Requirement - Type out the lines below exactly, pictures excluded.

───── Exercise material

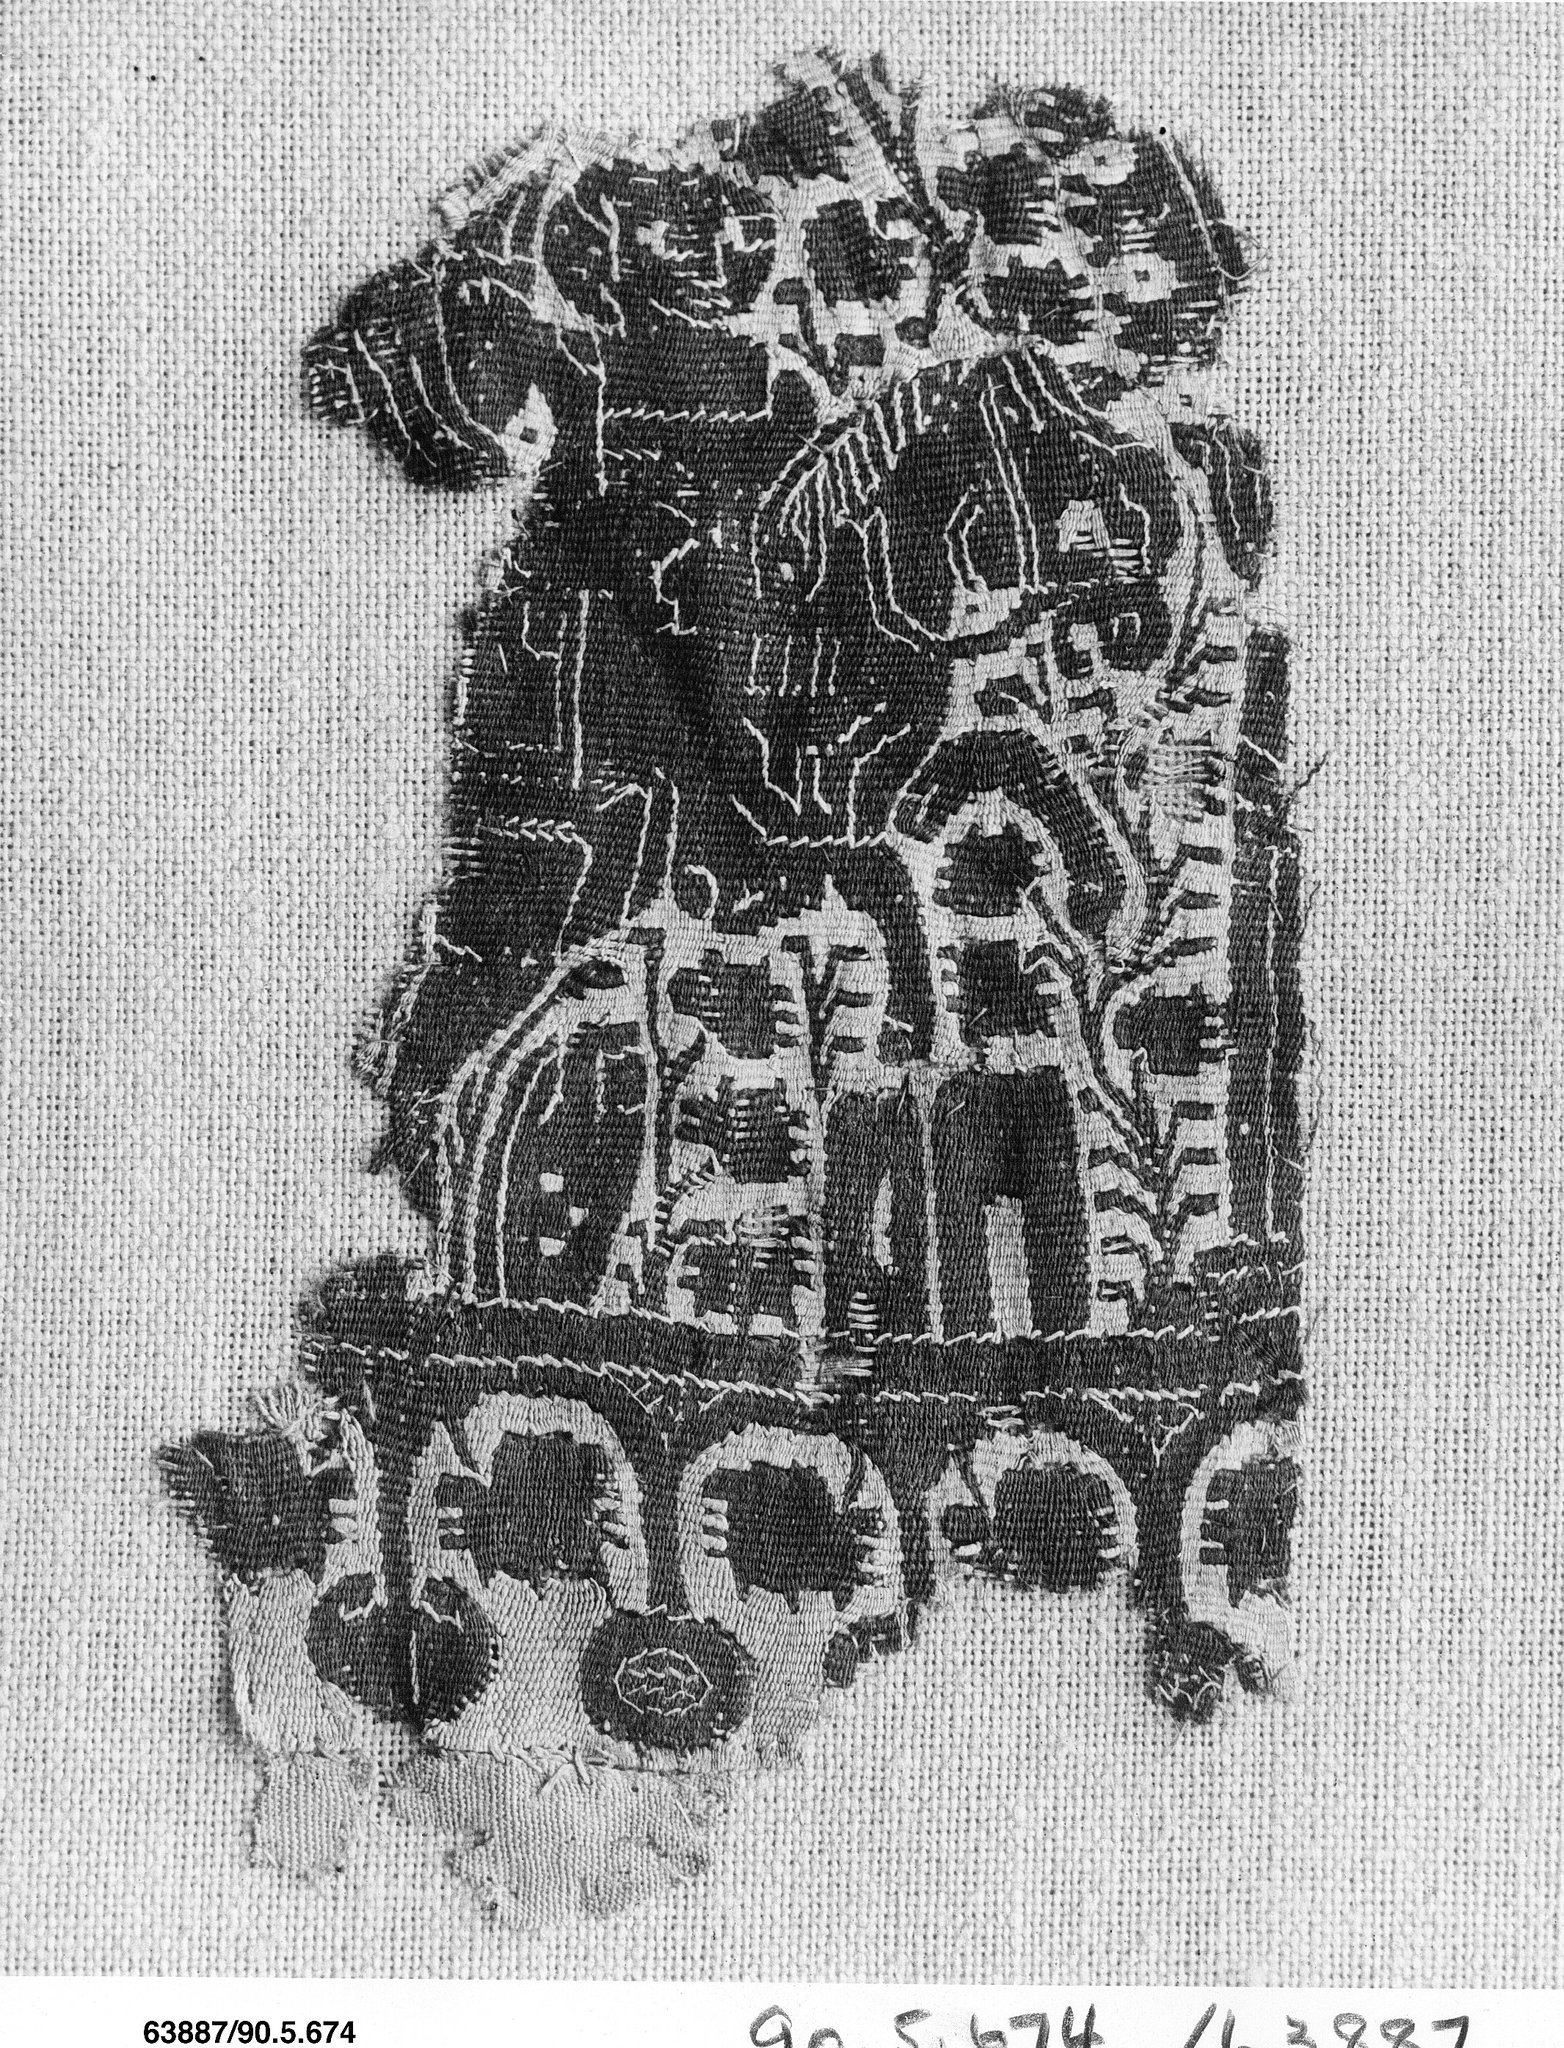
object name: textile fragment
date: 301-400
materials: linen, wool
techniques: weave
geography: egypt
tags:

──────────

Result of this task -
object name: textile fragment
date: 301-400
materials: linen, wool
techniques: weave
geography: egypt
tags:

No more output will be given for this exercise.